• **WHAT THE TASK REQUIRES**:
Every entry should be duplicated verbatim, and no picture may appear in the copy.

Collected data
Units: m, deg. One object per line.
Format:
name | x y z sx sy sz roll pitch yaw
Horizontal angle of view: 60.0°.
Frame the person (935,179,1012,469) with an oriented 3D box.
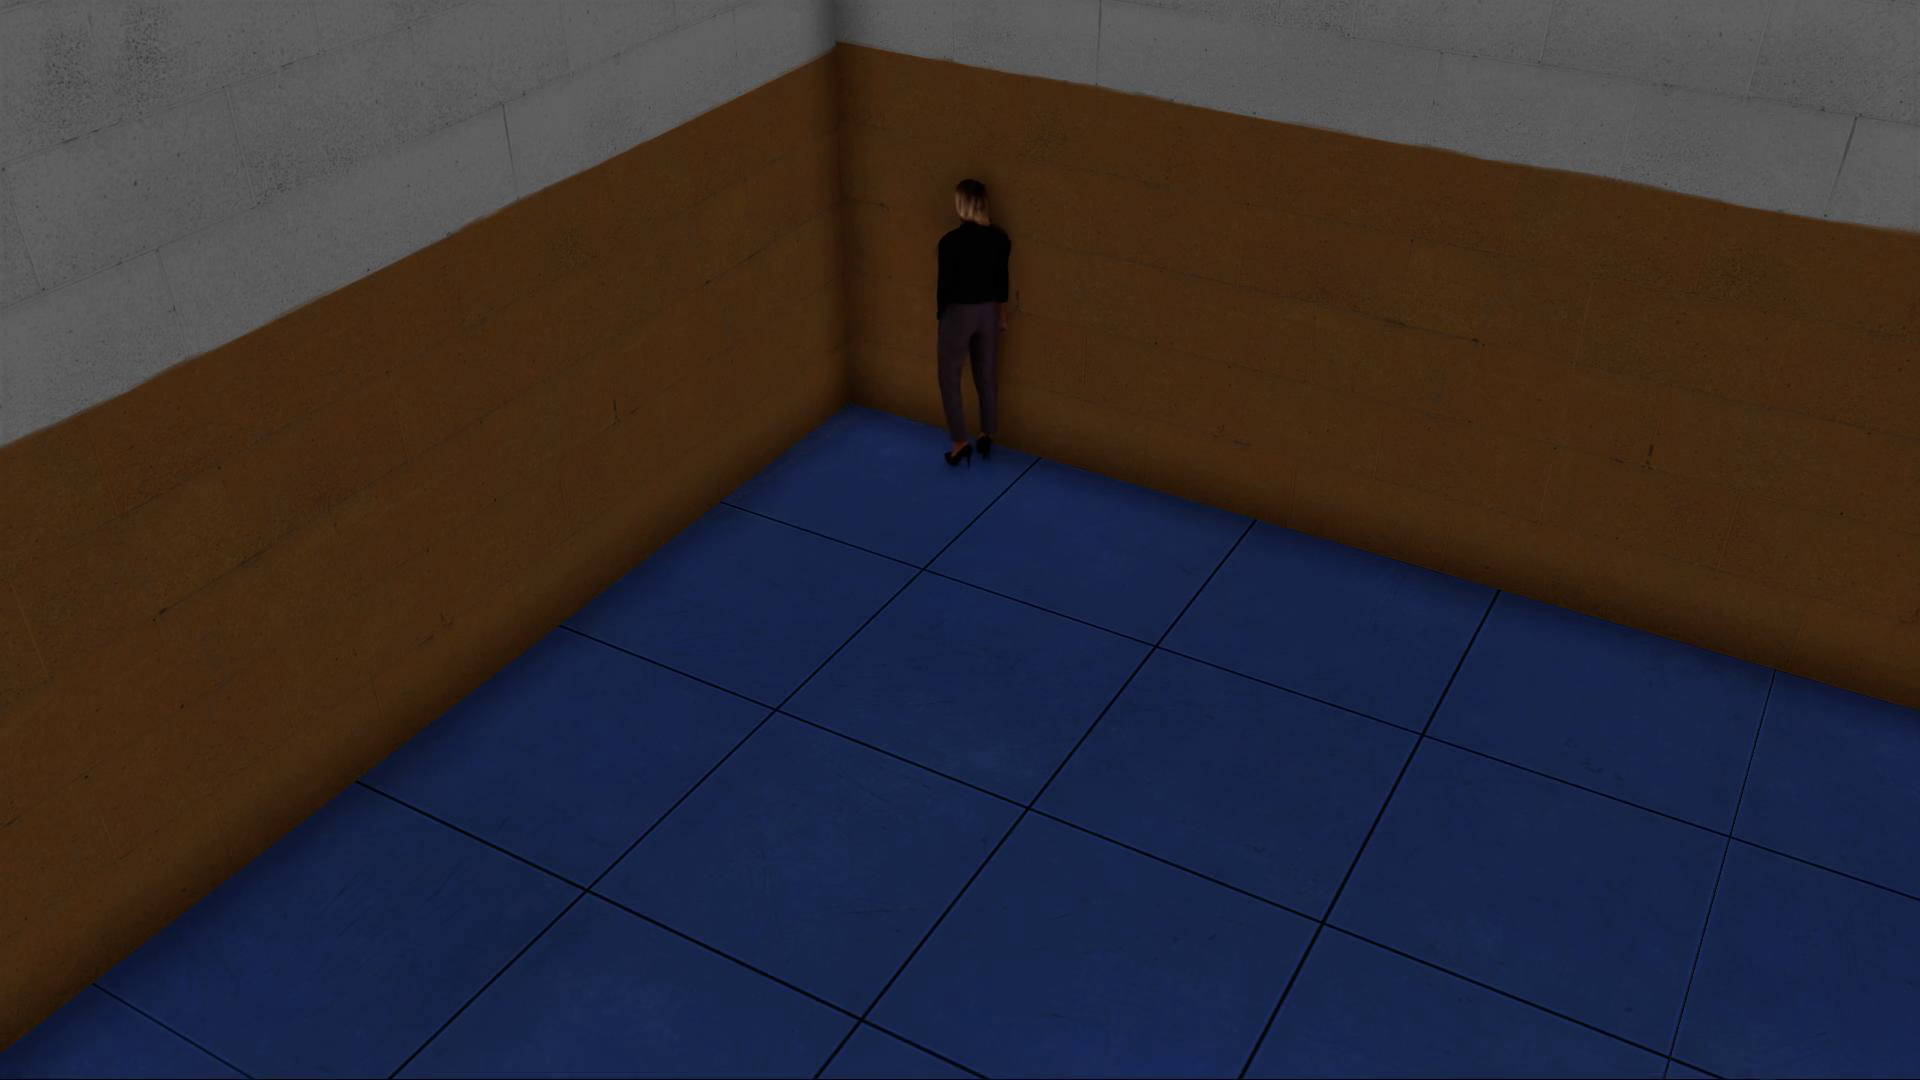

• **RESULT OF THE TASK**:
Units: m, deg. One object per line.
Format:
name | x y z sx sy sz roll pitch yaw
Horizontal angle of view: 60.0°.
Frame the person (935,179,1012,469) with an oriented 3D box.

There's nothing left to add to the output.